I rather like them since I love theatre, from Brecht’s theatrical bizarre to Aristophanes’ dirty humour, I follow theatre avidly. Even then, I must concede I struggle to name too many theatre awards other than the Tonys and the Pulitzer Prize for Drama. Doesn’t this just go to show that we need some more awards in theatre and not let cinema get them all?

An award, according to me, can be a great predictor of the pedigree a play might enjoy. It could also secure permanent funding for a lesser-known writer or company and—for the discerning amongst us—it can “direct” us to the plays we can admit to liking in “informed” company! But just how influential are these awards in the world of theatre?

Let’s look at some interesting facts.
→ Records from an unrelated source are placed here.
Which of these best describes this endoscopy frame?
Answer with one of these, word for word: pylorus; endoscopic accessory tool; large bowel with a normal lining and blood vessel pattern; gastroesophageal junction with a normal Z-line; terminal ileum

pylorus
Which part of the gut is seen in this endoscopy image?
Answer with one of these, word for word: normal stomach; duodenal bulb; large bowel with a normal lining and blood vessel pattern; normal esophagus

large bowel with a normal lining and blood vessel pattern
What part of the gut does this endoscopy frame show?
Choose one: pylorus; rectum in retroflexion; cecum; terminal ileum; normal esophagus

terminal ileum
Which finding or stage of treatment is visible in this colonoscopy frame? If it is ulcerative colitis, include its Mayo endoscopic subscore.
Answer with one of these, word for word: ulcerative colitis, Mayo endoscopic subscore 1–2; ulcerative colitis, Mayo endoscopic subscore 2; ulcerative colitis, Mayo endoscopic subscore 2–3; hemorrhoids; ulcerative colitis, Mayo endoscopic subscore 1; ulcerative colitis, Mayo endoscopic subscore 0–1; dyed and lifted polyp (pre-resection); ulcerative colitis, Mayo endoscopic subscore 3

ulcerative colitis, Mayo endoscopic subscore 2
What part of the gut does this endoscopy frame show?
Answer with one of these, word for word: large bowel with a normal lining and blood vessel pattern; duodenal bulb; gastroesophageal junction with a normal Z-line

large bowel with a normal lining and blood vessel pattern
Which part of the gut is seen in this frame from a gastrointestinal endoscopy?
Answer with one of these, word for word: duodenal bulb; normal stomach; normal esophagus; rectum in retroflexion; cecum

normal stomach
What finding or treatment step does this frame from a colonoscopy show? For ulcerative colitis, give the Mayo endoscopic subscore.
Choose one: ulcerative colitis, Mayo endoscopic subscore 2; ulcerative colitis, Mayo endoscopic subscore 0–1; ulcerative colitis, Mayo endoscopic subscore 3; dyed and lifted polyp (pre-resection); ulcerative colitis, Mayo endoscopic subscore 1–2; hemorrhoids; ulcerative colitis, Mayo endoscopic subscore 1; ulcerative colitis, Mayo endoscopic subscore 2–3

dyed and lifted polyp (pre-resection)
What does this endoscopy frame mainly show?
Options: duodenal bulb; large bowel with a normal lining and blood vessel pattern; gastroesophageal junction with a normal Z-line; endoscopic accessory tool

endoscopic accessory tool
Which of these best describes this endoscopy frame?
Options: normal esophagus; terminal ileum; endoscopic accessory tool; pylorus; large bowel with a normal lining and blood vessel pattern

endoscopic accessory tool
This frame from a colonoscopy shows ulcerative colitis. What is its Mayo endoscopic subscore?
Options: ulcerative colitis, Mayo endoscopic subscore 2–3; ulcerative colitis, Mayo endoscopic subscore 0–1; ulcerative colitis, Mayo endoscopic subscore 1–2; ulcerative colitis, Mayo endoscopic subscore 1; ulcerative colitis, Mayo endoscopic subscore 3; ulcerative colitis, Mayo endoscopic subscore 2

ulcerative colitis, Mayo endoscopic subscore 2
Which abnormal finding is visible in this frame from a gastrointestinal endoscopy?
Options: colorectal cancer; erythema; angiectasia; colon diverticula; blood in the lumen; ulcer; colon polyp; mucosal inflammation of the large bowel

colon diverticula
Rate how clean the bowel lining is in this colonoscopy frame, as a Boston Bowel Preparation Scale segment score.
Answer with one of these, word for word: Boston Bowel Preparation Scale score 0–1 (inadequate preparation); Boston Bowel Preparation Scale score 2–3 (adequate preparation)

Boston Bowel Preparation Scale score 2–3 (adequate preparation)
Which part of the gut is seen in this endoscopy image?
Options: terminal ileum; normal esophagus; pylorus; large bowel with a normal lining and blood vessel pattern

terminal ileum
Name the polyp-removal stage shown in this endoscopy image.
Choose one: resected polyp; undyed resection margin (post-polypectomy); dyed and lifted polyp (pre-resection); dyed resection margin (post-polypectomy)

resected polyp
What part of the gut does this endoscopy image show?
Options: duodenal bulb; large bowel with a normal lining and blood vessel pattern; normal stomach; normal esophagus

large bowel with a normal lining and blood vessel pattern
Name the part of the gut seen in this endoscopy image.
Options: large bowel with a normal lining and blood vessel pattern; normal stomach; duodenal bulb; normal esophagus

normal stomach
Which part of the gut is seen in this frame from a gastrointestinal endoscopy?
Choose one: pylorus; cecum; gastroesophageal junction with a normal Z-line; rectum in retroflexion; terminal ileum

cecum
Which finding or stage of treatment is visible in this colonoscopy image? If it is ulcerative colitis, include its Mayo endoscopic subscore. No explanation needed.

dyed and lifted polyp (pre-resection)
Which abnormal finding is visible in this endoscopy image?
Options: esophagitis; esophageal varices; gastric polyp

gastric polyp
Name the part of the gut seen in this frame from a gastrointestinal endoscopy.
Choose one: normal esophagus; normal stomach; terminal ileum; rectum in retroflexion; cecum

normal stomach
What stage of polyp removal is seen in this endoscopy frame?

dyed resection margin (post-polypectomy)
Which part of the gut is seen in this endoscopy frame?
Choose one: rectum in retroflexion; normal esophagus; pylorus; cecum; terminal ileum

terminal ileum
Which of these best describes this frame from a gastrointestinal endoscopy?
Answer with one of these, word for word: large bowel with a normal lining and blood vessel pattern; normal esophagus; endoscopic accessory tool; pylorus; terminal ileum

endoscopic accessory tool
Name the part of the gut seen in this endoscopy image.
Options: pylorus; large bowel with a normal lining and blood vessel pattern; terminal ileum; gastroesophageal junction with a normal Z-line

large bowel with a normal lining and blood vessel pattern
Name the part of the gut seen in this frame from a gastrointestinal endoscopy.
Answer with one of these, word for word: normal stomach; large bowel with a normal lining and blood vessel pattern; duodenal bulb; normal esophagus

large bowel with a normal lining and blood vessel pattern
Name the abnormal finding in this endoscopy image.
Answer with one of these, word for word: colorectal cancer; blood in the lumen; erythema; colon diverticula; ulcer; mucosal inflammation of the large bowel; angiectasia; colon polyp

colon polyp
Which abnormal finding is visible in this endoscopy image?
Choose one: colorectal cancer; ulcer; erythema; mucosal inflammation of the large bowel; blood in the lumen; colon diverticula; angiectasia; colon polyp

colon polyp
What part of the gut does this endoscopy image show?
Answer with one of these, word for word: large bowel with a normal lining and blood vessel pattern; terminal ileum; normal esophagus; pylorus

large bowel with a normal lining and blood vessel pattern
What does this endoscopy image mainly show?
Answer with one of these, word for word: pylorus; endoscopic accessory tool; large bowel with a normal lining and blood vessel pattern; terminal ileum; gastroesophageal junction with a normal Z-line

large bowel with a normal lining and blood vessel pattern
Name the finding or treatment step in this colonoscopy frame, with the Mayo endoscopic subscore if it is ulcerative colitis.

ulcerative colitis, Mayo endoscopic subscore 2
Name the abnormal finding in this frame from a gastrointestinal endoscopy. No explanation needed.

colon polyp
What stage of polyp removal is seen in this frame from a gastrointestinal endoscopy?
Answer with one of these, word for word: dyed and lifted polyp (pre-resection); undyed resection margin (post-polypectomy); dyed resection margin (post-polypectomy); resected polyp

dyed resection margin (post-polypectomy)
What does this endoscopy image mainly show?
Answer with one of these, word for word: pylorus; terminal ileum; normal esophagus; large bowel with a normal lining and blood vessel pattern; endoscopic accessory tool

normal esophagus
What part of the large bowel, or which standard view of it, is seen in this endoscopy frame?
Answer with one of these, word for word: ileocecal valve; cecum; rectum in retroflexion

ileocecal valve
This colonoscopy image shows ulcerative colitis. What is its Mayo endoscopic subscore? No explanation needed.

Tennessee Williams’ breakthrough play, The Glass Menagerie, won the New York Drama Critics’ Circle Award in 1945. Though Williams had been writing for almost ten years prior, the Menagerie brought him out of obscurity; without the award, he may have faded back into it. After winning, Williams had an audience eagerly anticipating his next work, which meant interested agents and a guaranteed audience of attentive reviewers. The award was also a good indication of things to come; the Menagerie enjoys a vast legacy which stretches to the present day with runs on Broadway as recently as 2013.

On the other hand, an award can serve to solidify the notoriety of a play, apart from its genius. When Samuel Beckett’s Waiting for Godot premiered in London in 1955 it suffered terrible reviews and open hostility from audiences, many of whom walked out. The public was unimpressed that the newly-formed Evening Standard Drama Awards threatened to crown Godot as their Best New Play. A number of notable names in London’s cultural elite made a counter-threat—that they would resign in protest—and Godot was instead awarded the Most Controversial Play of the Year. The societal kerfuffle and the very label ‘controversial’ in one of the most liberal cities in the world no doubt set Beckett’s masterpiece apart from other plays of its time.

The upcoming Mahindra Excellence in Theatre Awards (or META) is invaluable for theatre-goers in India because it has had a tradition of having a similar effect on its beneficiaries. Award-winners can expect a larger audience, greater acceptance in cultural circles and, perhaps, a place amongst the masterpieces in Indian theatre.